EXERCISE: Give again, word for word, each line below starting at the one that contains "What is the value of Hawaii?" and ending at the one that contains "Concise answer only. No.".

PROVIDED ENTRIES:
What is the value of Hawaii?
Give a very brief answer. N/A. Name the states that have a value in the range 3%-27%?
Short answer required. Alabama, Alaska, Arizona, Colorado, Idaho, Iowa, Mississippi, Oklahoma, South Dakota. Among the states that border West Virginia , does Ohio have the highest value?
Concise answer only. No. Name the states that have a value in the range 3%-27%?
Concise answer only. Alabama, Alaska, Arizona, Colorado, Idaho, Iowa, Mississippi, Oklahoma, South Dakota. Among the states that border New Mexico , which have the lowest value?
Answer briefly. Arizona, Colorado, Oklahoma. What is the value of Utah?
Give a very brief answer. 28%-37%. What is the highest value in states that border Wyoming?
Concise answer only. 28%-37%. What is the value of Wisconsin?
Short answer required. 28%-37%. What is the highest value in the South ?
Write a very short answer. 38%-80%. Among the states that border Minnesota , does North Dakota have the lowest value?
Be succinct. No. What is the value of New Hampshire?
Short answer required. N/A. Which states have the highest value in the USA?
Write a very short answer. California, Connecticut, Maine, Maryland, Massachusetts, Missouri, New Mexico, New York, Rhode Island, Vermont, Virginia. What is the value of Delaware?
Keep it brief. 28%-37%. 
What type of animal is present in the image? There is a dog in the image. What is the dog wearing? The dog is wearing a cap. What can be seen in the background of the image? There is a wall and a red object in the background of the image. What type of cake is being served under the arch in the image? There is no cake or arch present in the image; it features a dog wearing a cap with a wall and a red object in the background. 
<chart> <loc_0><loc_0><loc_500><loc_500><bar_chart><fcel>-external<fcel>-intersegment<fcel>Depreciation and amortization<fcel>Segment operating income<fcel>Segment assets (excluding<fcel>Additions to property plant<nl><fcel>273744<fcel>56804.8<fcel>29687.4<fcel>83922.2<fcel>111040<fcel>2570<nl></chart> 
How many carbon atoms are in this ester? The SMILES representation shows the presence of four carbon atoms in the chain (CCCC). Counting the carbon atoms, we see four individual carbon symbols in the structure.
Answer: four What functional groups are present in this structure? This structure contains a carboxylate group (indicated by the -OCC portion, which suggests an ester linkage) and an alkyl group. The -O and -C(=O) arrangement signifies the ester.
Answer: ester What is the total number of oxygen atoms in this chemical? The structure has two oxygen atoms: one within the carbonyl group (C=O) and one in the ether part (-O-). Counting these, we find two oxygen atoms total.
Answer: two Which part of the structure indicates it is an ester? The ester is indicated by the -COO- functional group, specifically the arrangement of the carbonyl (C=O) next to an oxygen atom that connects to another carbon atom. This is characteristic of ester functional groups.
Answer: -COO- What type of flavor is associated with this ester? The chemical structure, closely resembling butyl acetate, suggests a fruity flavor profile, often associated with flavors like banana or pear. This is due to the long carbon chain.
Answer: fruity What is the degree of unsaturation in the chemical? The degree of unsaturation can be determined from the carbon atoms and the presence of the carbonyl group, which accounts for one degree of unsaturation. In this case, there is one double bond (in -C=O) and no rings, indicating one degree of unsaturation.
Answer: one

--

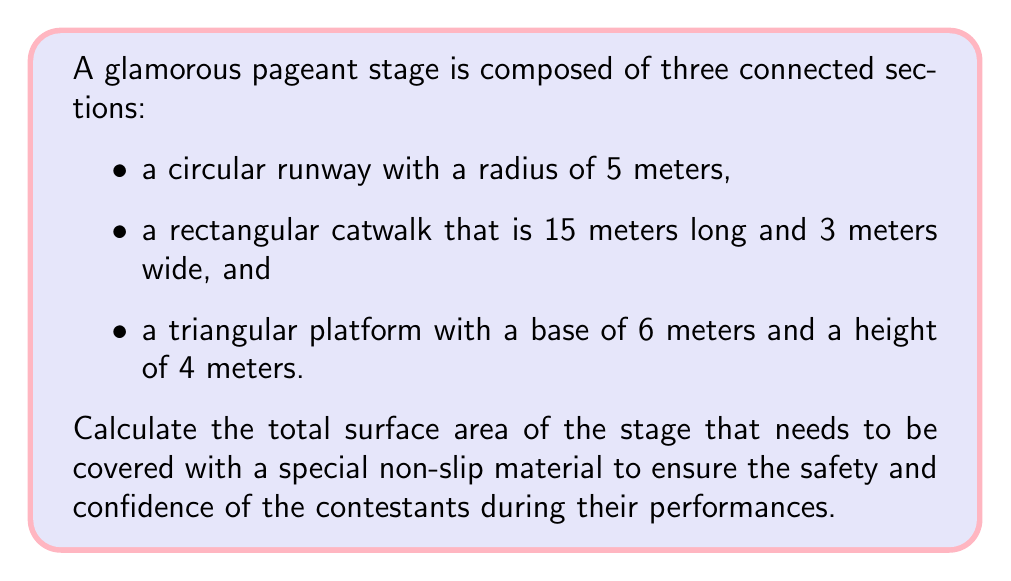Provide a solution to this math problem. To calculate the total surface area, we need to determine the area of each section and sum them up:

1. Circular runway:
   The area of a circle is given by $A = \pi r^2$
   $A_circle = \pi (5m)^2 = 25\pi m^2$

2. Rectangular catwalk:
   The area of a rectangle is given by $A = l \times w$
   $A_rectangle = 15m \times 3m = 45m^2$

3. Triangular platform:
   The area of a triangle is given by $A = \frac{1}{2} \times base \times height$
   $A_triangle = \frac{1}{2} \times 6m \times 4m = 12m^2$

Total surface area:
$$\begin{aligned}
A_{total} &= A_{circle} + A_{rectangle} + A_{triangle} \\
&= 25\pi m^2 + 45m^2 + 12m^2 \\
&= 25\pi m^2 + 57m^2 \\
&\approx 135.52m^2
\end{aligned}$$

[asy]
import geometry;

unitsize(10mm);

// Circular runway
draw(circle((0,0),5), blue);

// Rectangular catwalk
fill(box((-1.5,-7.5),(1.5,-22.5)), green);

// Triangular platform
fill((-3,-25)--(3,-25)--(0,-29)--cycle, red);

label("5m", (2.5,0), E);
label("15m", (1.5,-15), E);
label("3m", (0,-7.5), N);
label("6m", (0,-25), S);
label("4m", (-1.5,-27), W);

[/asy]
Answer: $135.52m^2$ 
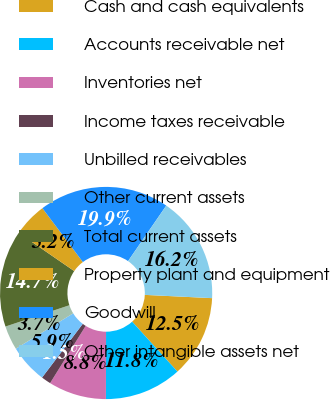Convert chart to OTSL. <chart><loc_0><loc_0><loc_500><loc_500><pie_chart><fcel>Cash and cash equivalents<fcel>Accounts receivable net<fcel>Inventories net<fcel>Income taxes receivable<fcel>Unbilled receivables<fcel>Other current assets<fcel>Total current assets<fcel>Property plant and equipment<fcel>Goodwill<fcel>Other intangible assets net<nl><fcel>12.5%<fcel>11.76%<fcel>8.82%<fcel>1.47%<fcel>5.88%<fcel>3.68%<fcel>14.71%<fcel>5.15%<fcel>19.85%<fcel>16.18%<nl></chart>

* * *

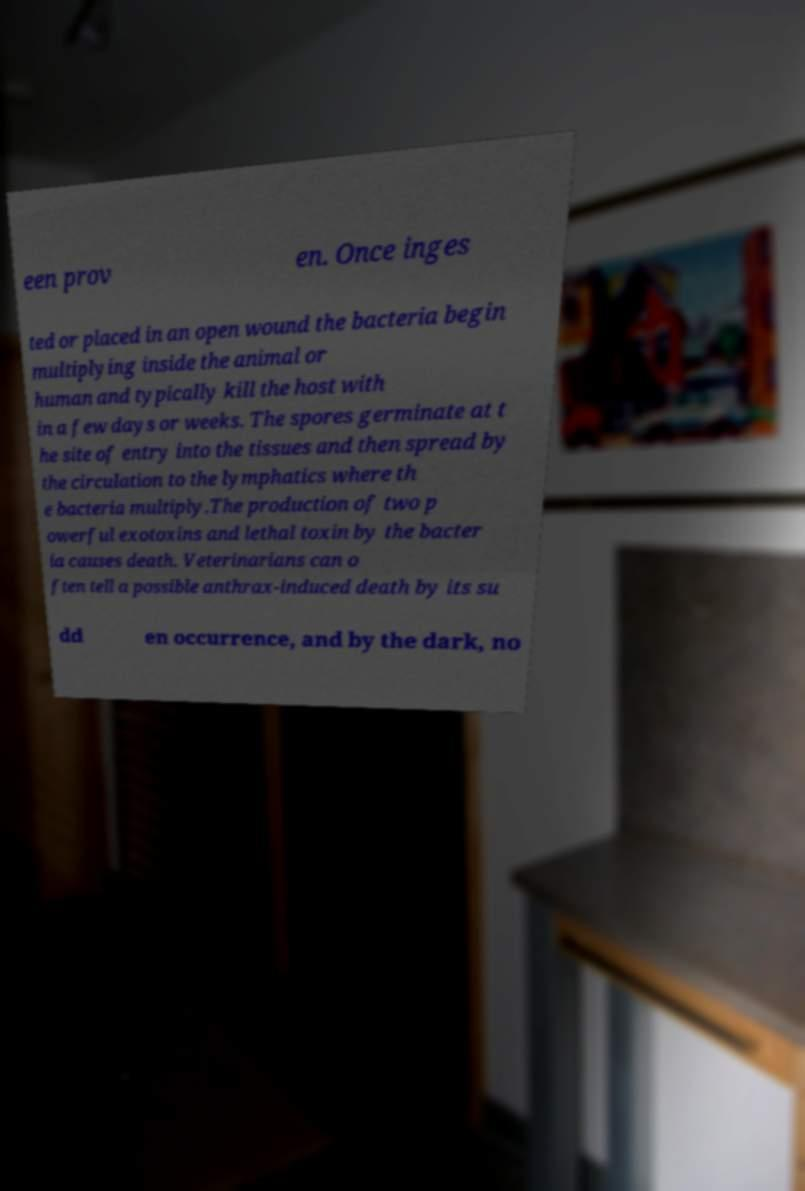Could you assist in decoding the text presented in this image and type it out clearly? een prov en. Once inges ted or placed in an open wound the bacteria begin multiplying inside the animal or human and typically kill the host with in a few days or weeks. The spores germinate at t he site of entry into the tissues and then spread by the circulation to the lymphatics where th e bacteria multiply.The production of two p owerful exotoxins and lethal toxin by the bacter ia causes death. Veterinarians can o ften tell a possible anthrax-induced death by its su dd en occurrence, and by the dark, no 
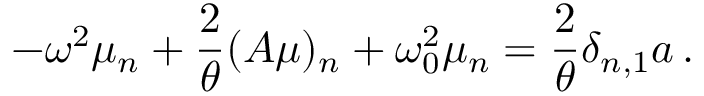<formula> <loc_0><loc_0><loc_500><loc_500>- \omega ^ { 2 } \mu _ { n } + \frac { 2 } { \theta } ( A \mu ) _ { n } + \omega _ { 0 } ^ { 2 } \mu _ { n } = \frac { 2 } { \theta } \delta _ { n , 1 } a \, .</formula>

OUTPUT OF THE TASK:
What is the value of Hawaii?
Give a very brief answer. N/A. Name the states that have a value in the range 3%-27%?
Short answer required. Alabama, Alaska, Arizona, Colorado, Idaho, Iowa, Mississippi, Oklahoma, South Dakota. Among the states that border West Virginia , does Ohio have the highest value?
Concise answer only. No. Name the states that have a value in the range 3%-27%?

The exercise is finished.